══ INFORMATION PROVIDED

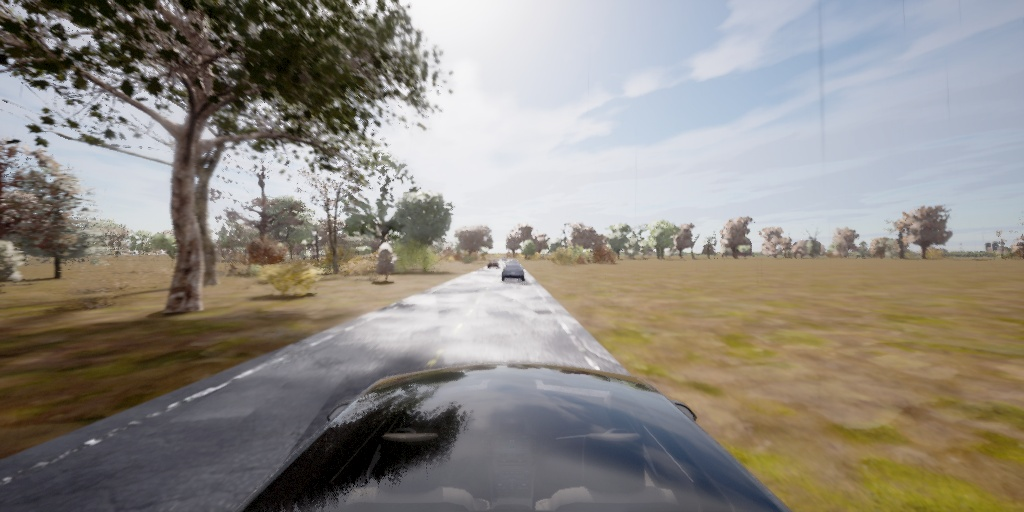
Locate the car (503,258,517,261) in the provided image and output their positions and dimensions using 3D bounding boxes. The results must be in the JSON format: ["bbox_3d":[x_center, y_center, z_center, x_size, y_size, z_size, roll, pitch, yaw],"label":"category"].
[{"bbox_3d":[0.082,1.288,48.626,1.837,1.490,4.892,0,0,0],"label":"car"}]

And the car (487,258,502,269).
[{"bbox_3d":[-3.034,1.385,58.701,1.895,1.301,4.718,0,0,0],"label":"car"}]

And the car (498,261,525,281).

════

### [PROBLEM STATEMENT]
Pictures stay out, and every line of the records is transcribed exactly.

### [OUTPUT OF THE TASK]
Locate the car (503,258,517,261) in the provided image and output their positions and dimensions using 3D bounding boxes. The results must be in the JSON format: ["bbox_3d":[x_center, y_center, z_center, x_size, y_size, z_size, roll, pitch, yaw],"label":"category"].
[{"bbox_3d":[0.082,1.288,48.626,1.837,1.490,4.892,0,0,0],"label":"car"}]

And the car (487,258,502,269).
[{"bbox_3d":[-3.034,1.385,58.701,1.895,1.301,4.718,0,0,0],"label":"car"}]

And the car (498,261,525,281).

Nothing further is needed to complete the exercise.